◆ **Goal of the exercise**:
Look over the entries that follow. Report how many lines contain "track", with nothing else.

◆ **Dataset records**:
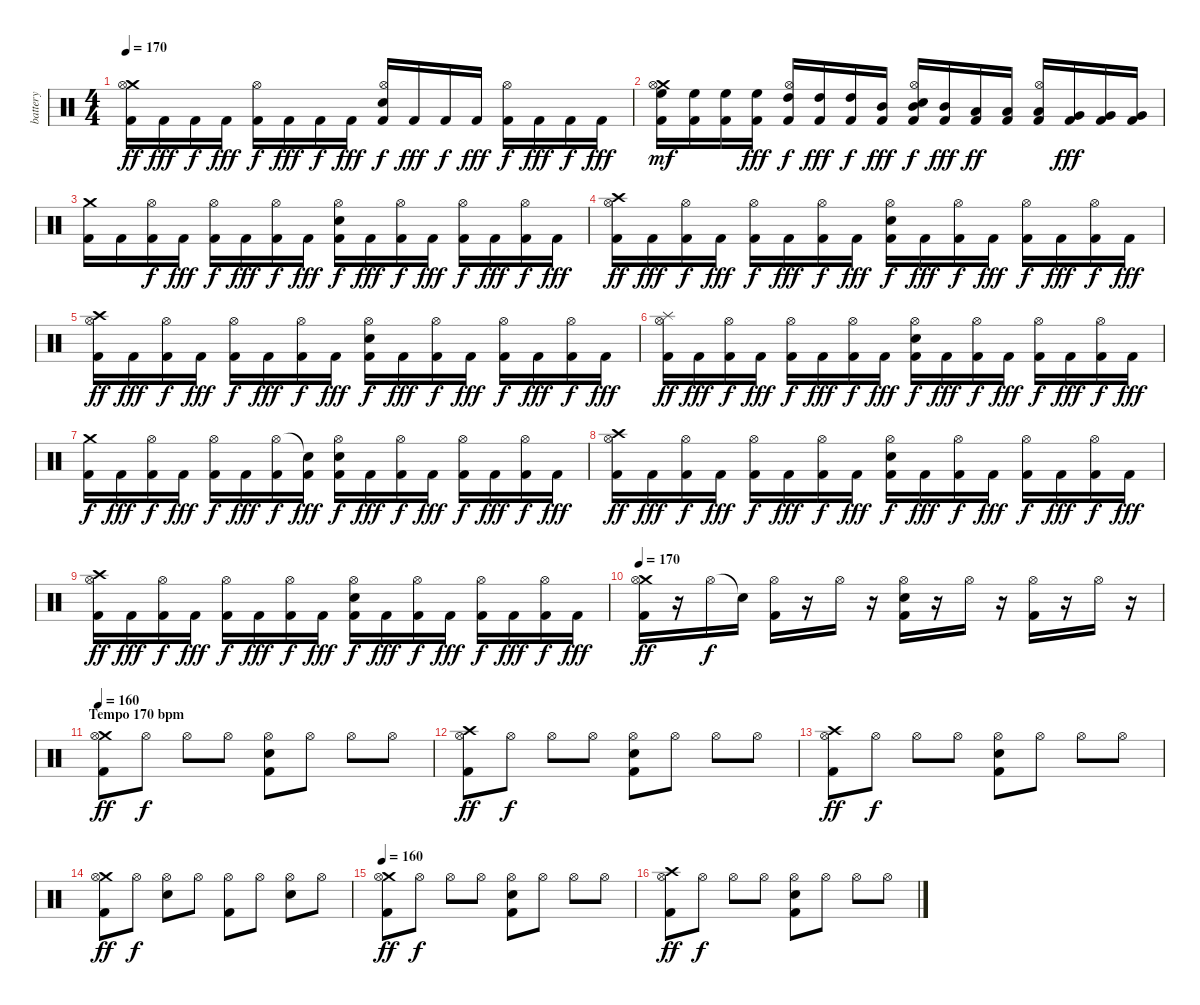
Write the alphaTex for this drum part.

\track ("battery" "battery") {instrument percussion}
\staff {score}
\articulation defaults
\ts (4 4)
\tempo 170
\clef neutral
\ks c
("Kick (hit) 2" "Crash medium (hit)" "Hi-Hat (open)").16{dy ff} "Kick (hit) 2".16{dy fff} "Kick (hit) 2".16{dy f} "Kick (hit) 2".16{dy fff} ("Kick (hit) 2" "Hi-Hat (open)").16{dy f} "Kick (hit) 2".16{dy fff} "Kick (hit) 2".16{dy f} "Kick (hit) 2".16{dy fff} ("Kick (hit) 2" "Electric Snare (hit)" "Hi-Hat (open)").16{dy f} "Kick (hit) 2".16{dy fff} "Kick (hit) 2".16{dy f} "Kick (hit) 2".16{dy fff} ("Kick (hit) 2" "Hi-Hat (open)").16{dy f} "Kick (hit) 2".16{dy fff} "Kick (hit) 2".16{dy f} "Kick (hit) 2".16{dy fff} |
("Kick (hit) 2" "Crash medium (hit)" "Hi-Hat (open)" "High Floor Tom (hit)").16{dy mf} ("Kick (hit) 2" "High Floor Tom (hit)").16 ("Kick (hit) 2" "High Floor Tom (hit)").16 ("Kick (hit) 2" "High Floor Tom (hit)").16{dy fff} ("Kick (hit) 2" "Hi-Hat (open)" "High Tom (hit)").16{dy f} ("Kick (hit) 2" "High Tom (hit)").16{dy fff} ("Kick (hit) 2" "High Tom (hit)").16{dy f} ("Kick (hit) 2" "Mid Tom (hit)").16{dy fff} ("Kick (hit) 2" "Electric Snare (hit)" "Hi-Hat (open)" "Mid Tom (hit)").16{dy f} ("Kick (hit) 2" "Mid Tom (hit)").16{dy fff} ("Kick (hit) 2" "Low Tom (hit)").16{dy ff} ("Kick (hit) 2" "Low Tom (hit)").16 ("Kick (hit) 2" "Hi-Hat (open)" "Low Tom (hit)").16 ("Kick (hit) 2" "Very Low Tom (hit)").16{dy fff} ("Kick (hit) 2" "Very Low Tom (hit)").16 ("Kick (hit) 2" "Very Low Tom (hit)").16 |
("Kick (hit) 2" "Crash medium (hit)").16 "Kick (hit) 2".16 ("Kick (hit) 2" "Hi-Hat (open)").16{dy f} "Kick (hit) 2".16{dy fff} ("Kick (hit) 2" "Hi-Hat (open)").16{dy f} "Kick (hit) 2".16{dy fff} ("Kick (hit) 2" "Hi-Hat (open)").16{dy f} "Kick (hit) 2".16{dy fff} ("Kick (hit) 2" "Electric Snare (hit)" "Hi-Hat (open)").16{dy f} "Kick (hit) 2".16{dy fff} ("Kick (hit) 2" "Hi-Hat (open)").16{dy f} "Kick (hit) 2".16{dy fff} ("Kick (hit) 2" "Hi-Hat (open)").16{dy f} "Kick (hit) 2".16{dy fff} ("Kick (hit) 2" "Hi-Hat (open)").16{dy f} "Kick (hit) 2".16{dy fff} |
("Kick (hit) 2" "Crash high (hit)" "Hi-Hat (open)").16{dy ff} "Kick (hit) 2".16{dy fff} ("Kick (hit) 2" "Hi-Hat (open)").16{dy f} "Kick (hit) 2".16{dy fff} ("Kick (hit) 2" "Hi-Hat (open)").16{dy f} "Kick (hit) 2".16{dy fff} ("Kick (hit) 2" "Hi-Hat (open)").16{dy f} "Kick (hit) 2".16{dy fff} ("Kick (hit) 2" "Electric Snare (hit)" "Hi-Hat (open)").16{dy f} "Kick (hit) 2".16{dy fff} ("Kick (hit) 2" "Hi-Hat (open)").16{dy f} "Kick (hit) 2".16{dy fff} ("Kick (hit) 2" "Hi-Hat (open)").16{dy f} "Kick (hit) 2".16{dy fff} ("Kick (hit) 2" "Hi-Hat (open)").16{dy f} "Kick (hit) 2".16{dy fff} |
("Kick (hit) 2" "Crash high (hit)" "Hi-Hat (open)").16{dy ff} "Kick (hit) 2".16{dy fff} ("Kick (hit) 2" "Hi-Hat (open)").16{dy f} "Kick (hit) 2".16{dy fff} ("Kick (hit) 2" "Hi-Hat (open)").16{dy f} "Kick (hit) 2".16{dy fff} ("Kick (hit) 2" "Hi-Hat (open)").16{dy f} "Kick (hit) 2".16{dy fff} ("Kick (hit) 2" "Electric Snare (hit)" "Hi-Hat (open)").16{dy f} "Kick (hit) 2".16{dy fff} ("Kick (hit) 2" "Hi-Hat (open)").16{dy f} "Kick (hit) 2".16{dy fff} ("Kick (hit) 2" "Hi-Hat (open)").16{dy f} "Kick (hit) 2".16{dy fff} ("Kick (hit) 2" "Hi-Hat (open)").16{dy f} "Kick (hit) 2".16{dy fff} |
("Kick (hit) 2" "Splash (hit)" "Hi-Hat (open)").16{dy ff} "Kick (hit) 2".16{dy fff} ("Kick (hit) 2" "Hi-Hat (open)").16{dy f} "Kick (hit) 2".16{dy fff} ("Kick (hit) 2" "Hi-Hat (open)").16{dy f} "Kick (hit) 2".16{dy fff} ("Kick (hit) 2" "Hi-Hat (open)").16{dy f} "Kick (hit) 2".16{dy fff} ("Kick (hit) 2" "Electric Snare (hit)" "Hi-Hat (open)").16{dy f} "Kick (hit) 2".16{dy fff} ("Kick (hit) 2" "Hi-Hat (open)").16{dy f} "Kick (hit) 2".16{dy fff} ("Kick (hit) 2" "Hi-Hat (open)").16{dy f} "Kick (hit) 2".16{dy fff} ("Kick (hit) 2" "Hi-Hat (open)").16{dy f} "Kick (hit) 2".16{dy fff} |
("Kick (hit) 2" "Crash medium (hit)").16{dy f} "Kick (hit) 2".16{dy fff} ("Kick (hit) 2" "Hi-Hat (open)").16{dy f} "Kick (hit) 2".16{dy fff} ("Kick (hit) 2" "Hi-Hat (open)").16{dy f} "Kick (hit) 2".16{dy fff} ("Kick (hit) 2" "Hi-Hat (open)").16{dy f} ("Kick (hit) 2" "Snare (hit)"{t}).16{dy fff} ("Kick (hit) 2" "Electric Snare (hit)" "Hi-Hat (open)").16{dy f} "Kick (hit) 2".16{dy fff} ("Kick (hit) 2" "Hi-Hat (open)").16{dy f} "Kick (hit) 2".16{dy fff} ("Kick (hit) 2" "Hi-Hat (open)").16{dy f} "Kick (hit) 2".16{dy fff} ("Kick (hit) 2" "Hi-Hat (open)").16{dy f} "Kick (hit) 2".16{dy fff} |
("Kick (hit) 2" "Crash high (hit)" "Hi-Hat (open)").16{dy ff} "Kick (hit) 2".16{dy fff} ("Kick (hit) 2" "Hi-Hat (open)").16{dy f} "Kick (hit) 2".16{dy fff} ("Kick (hit) 2" "Hi-Hat (open)").16{dy f} "Kick (hit) 2".16{dy fff} ("Kick (hit) 2" "Hi-Hat (open)").16{dy f} "Kick (hit) 2".16{dy fff} ("Kick (hit) 2" "Electric Snare (hit)" "Hi-Hat (open)").16{dy f} "Kick (hit) 2".16{dy fff} ("Kick (hit) 2" "Hi-Hat (open)").16{dy f} "Kick (hit) 2".16{dy fff} ("Kick (hit) 2" "Hi-Hat (open)").16{dy f} "Kick (hit) 2".16{dy fff} ("Kick (hit) 2" "Hi-Hat (open)").16{dy f} "Kick (hit) 2".16{dy fff} |
("Kick (hit) 2" "Crash high (hit)" "Hi-Hat (open)").16{dy ff} "Kick (hit) 2".16{dy fff} ("Kick (hit) 2" "Hi-Hat (open)").16{dy f} "Kick (hit) 2".16{dy fff} ("Kick (hit) 2" "Hi-Hat (open)").16{dy f} "Kick (hit) 2".16{dy fff} ("Kick (hit) 2" "Hi-Hat (open)").16{dy f} "Kick (hit) 2".16{dy fff} ("Kick (hit) 2" "Electric Snare (hit)" "Hi-Hat (open)").16{dy f} "Kick (hit) 2".16{dy fff} ("Kick (hit) 2" "Hi-Hat (open)").16{dy f} "Kick (hit) 2".16{dy fff} ("Kick (hit) 2" "Hi-Hat (open)").16{dy f} "Kick (hit) 2".16{dy fff} ("Kick (hit) 2" "Hi-Hat (open)").16{dy f} "Kick (hit) 2".16{dy fff} |
\tempo 170
("Kick (hit) 2" "Crash medium (hit)" "Hi-Hat (open)").16{dy ff} r.16 "Hi-Hat (open)".16{dy f} "Snare (hit)"{t}.16 ("Kick (hit) 2" "Hi-Hat (open)").16 r.16 "Hi-Hat (open)".16 r.16 ("Kick (hit) 2" "Electric Snare (hit)" "Hi-Hat (open)").16 r.16 "Hi-Hat (open)".16 r.16 ("Kick (hit) 2" "Hi-Hat (open)").16 r.16 "Hi-Hat (open)".16 r.16 |
\section ("" "Tempo 170 bpm  ")
\tempo 160
("Kick (hit) 2" "Crash medium (hit)" "Hi-Hat (open)").8{dy ff} "Hi-Hat (open)".8{dy f} "Hi-Hat (open)".8 "Hi-Hat (open)".8 ("Kick (hit) 2" "Electric Snare (hit)" "Hi-Hat (open)").8 "Hi-Hat (open)".8 "Hi-Hat (open)".8 "Hi-Hat (open)".8 |
("Kick (hit) 2" "Crash high (hit)" "Hi-Hat (open)").8{dy ff} "Hi-Hat (open)".8{dy f} "Hi-Hat (open)".8 "Hi-Hat (open)".8 ("Kick (hit) 2" "Electric Snare (hit)" "Hi-Hat (open)").8 "Hi-Hat (open)".8 "Hi-Hat (open)".8 "Hi-Hat (open)".8 |
("Kick (hit) 2" "Crash high (hit)" "Hi-Hat (open)").8{dy ff} "Hi-Hat (open)".8{dy f} "Hi-Hat (open)".8 "Hi-Hat (open)".8 ("Kick (hit) 2" "Electric Snare (hit)" "Hi-Hat (open)").8 "Hi-Hat (open)".8 "Hi-Hat (open)".8 "Hi-Hat (open)".8 |
("Kick (hit) 2" "Crash medium (hit)" "Hi-Hat (open)").8{dy ff} "Hi-Hat (open)".8{dy f} ("Electric Snare (hit)" "Hi-Hat (open)").8 "Hi-Hat (open)".8 ("Kick (hit) 2" "Hi-Hat (open)").8 "Hi-Hat (open)".8 ("Electric Snare (hit)" "Hi-Hat (open)").8 "Hi-Hat (open)".8 |
\tempo 160
("Kick (hit) 2" "Crash medium (hit)" "Hi-Hat (open)").8{dy ff} "Hi-Hat (open)".8{dy f} "Hi-Hat (open)".8 "Hi-Hat (open)".8 ("Kick (hit) 2" "Electric Snare (hit)" "Hi-Hat (open)").8 "Hi-Hat (open)".8 "Hi-Hat (open)".8 "Hi-Hat (open)".8 |
("Kick (hit) 2" "Crash high (hit)" "Hi-Hat (open)").8{dy ff} "Hi-Hat (open)".8{dy f} "Hi-Hat (open)".8 "Hi-Hat (open)".8 ("Kick (hit) 2" "Electric Snare (hit)" "Hi-Hat (open)").8 "Hi-Hat (open)".8 "Hi-Hat (open)".8 "Hi-Hat (open)".8
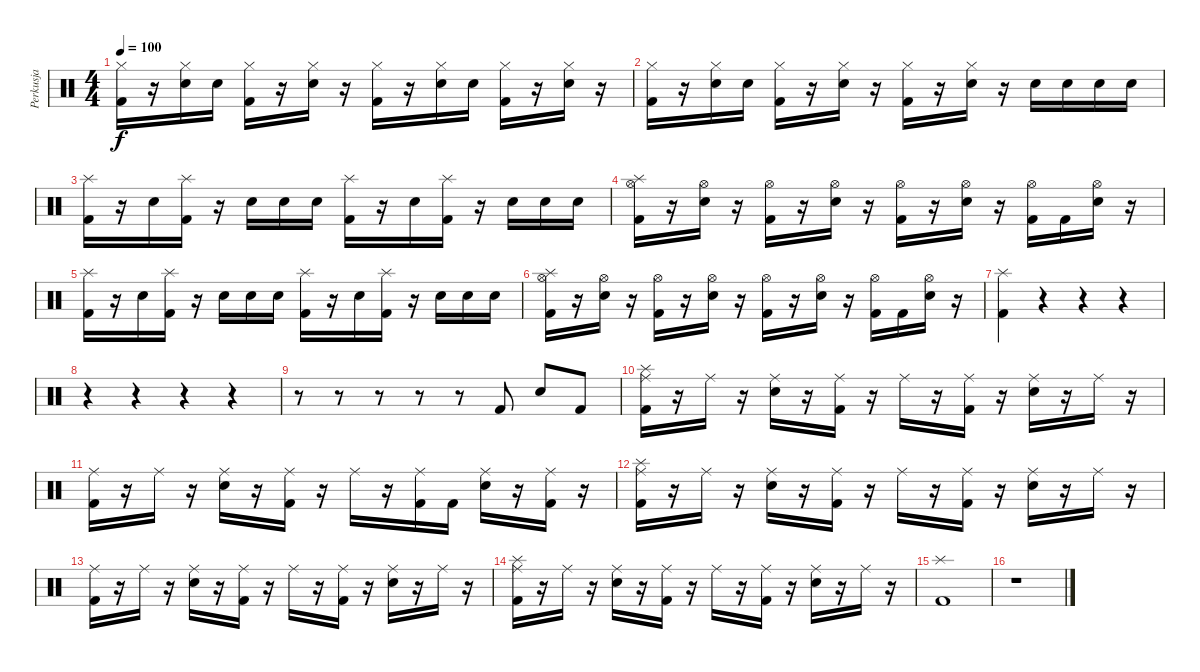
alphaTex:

\track ("Perkusja" "Perkusja") {instrument percussion}
\staff {score}
\articulation defaults
\ts (4 4)
\tempo 100
\clef neutral
\ks c
("Hi-Hat (closed)" "Kick (hit) 2").16{dy f} r.16 ("Hi-Hat (closed)" "Electric Snare (hit)").16 "Electric Snare (hit)".16 ("Hi-Hat (closed)" "Kick (hit) 2").16 r.16 ("Hi-Hat (closed)" "Electric Snare (hit)").16 r.16 ("Hi-Hat (closed)" "Kick (hit) 2").16 r.16 ("Hi-Hat (closed)" "Electric Snare (hit)").16 "Electric Snare (hit)".16 ("Hi-Hat (closed)" "Kick (hit) 2").16 r.16 ("Hi-Hat (closed)" "Electric Snare (hit)").16 r.16 |
("Hi-Hat (closed)" "Kick (hit) 2").16 r.16 ("Hi-Hat (closed)" "Electric Snare (hit)").16 "Electric Snare (hit)".16 ("Hi-Hat (closed)" "Kick (hit) 2").16 r.16 ("Hi-Hat (closed)" "Electric Snare (hit)").16 r.16 ("Hi-Hat (closed)" "Kick (hit) 2").16 r.16 ("Hi-Hat (closed)" "Electric Snare (hit)").16 r.16 "Electric Snare (hit)".16 "Electric Snare (hit)".16 "Electric Snare (hit)".16 "Electric Snare (hit)".16 |
("Splash (hit)" "Kick (hit) 2").16 r.16 "Electric Snare (hit)".16 ("Splash (hit)" "Kick (hit) 2").16 r.16 "Electric Snare (hit)".16 "Electric Snare (hit)".16 "Electric Snare (hit)".16 ("Splash (hit)" "Kick (hit) 2").16 r.16 "Electric Snare (hit)".16 ("Splash (hit)" "Kick (hit) 2").16 r.16 "Electric Snare (hit)".16 "Electric Snare (hit)".16 "Electric Snare (hit)".16 |
("Splash (hit)" "Hi-Hat (open)" "Kick (hit) 2").16 r.16 ("Hi-Hat (open)" "Electric Snare (hit)").16 r.16 ("Hi-Hat (open)" "Kick (hit) 2").16 r.16 ("Hi-Hat (open)" "Electric Snare (hit)").16 r.16 ("Hi-Hat (open)" "Kick (hit) 2").16 r.16 ("Hi-Hat (open)" "Electric Snare (hit)").16 r.16 ("Hi-Hat (open)" "Kick (hit) 2").16 "Kick (hit) 2".16 ("Hi-Hat (open)" "Electric Snare (hit)").16 r.16 |
("Splash (hit)" "Kick (hit) 2").16 r.16 "Electric Snare (hit)".16 ("Splash (hit)" "Kick (hit) 2").16 r.16 "Electric Snare (hit)".16 "Electric Snare (hit)".16 "Electric Snare (hit)".16 ("Splash (hit)" "Kick (hit) 2").16 r.16 "Electric Snare (hit)".16 ("Splash (hit)" "Kick (hit) 2").16 r.16 "Electric Snare (hit)".16 "Electric Snare (hit)".16 "Electric Snare (hit)".16 |
("Splash (hit)" "Hi-Hat (open)" "Kick (hit) 2").16 r.16 ("Hi-Hat (open)" "Electric Snare (hit)").16 r.16 ("Hi-Hat (open)" "Kick (hit) 2").16 r.16 ("Hi-Hat (open)" "Electric Snare (hit)").16 r.16 ("Hi-Hat (open)" "Kick (hit) 2").16 r.16 ("Hi-Hat (open)" "Electric Snare (hit)").16 r.16 ("Hi-Hat (open)" "Kick (hit) 2").16 "Kick (hit) 2".16 ("Hi-Hat (open)" "Electric Snare (hit)").16 r.16 |
("Splash (hit)" "Kick (hit) 2").4 r.4 r.4 r.4 |
r.4 r.4 r.4 r.4 |
r.8 r.8 r.8 r.8 r.8 "Kick (hit) 2".8 "Electric Snare (hit)".8 "Kick (hit) 2".8 |
("Splash (hit)" "Ride (middle)" "Kick (hit) 2").16 r.16 "Ride (middle)".16 r.16 ("Ride (middle)" "Electric Snare (hit)").16 r.16 ("Ride (middle)" "Kick (hit) 2").16 r.16 "Ride (middle)".16 r.16 ("Ride (middle)" "Kick (hit) 2").16 r.16 ("Ride (middle)" "Electric Snare (hit)").16 r.16 "Ride (middle)".16 r.16 |
("Ride (middle)" "Kick (hit) 2").16 r.16 "Ride (middle)".16 r.16 ("Ride (middle)" "Electric Snare (hit)").16 r.16 ("Ride (middle)" "Kick (hit) 2").16 r.16 "Ride (middle)".16 r.16 ("Ride (middle)" "Kick (hit) 2").16 "Kick (hit) 2".16 ("Ride (middle)" "Electric Snare (hit)").16 r.16 ("Ride (middle)" "Kick (hit) 2").16 r.16 |
("Splash (hit)" "Ride (middle)" "Kick (hit) 2").16 r.16 "Ride (middle)".16 r.16 ("Ride (middle)" "Electric Snare (hit)").16 r.16 ("Ride (middle)" "Kick (hit) 2").16 r.16 "Ride (middle)".16 r.16 ("Ride (middle)" "Kick (hit) 2").16 r.16 ("Ride (middle)" "Electric Snare (hit)").16 r.16 "Ride (middle)".16 r.16 |
("Ride (middle)" "Kick (hit) 2").16 r.16 "Ride (middle)".16 r.16 ("Ride (middle)" "Electric Snare (hit)").16 r.16 ("Ride (middle)" "Kick (hit) 2").16 r.16 "Ride (middle)".16 r.16 ("Ride (middle)" "Kick (hit) 2").16 r.16 ("Ride (middle)" "Electric Snare (hit)").16 r.16 "Ride (middle)".16 r.16 |
("Splash (hit)" "Ride (middle)" "Kick (hit) 2").16 r.16 "Ride (middle)".16 r.16 ("Ride (middle)" "Electric Snare (hit)").16 r.16 ("Ride (middle)" "Kick (hit) 2").16 r.16 "Ride (middle)".16 r.16 ("Ride (middle)" "Kick (hit) 2").16 r.16 ("Ride (middle)" "Electric Snare (hit)").16 r.16 "Ride (middle)".16 r.16 |
("Splash (hit)" "Kick (hit) 2").1 |
r.1

◆ **Response for this exercise**:
2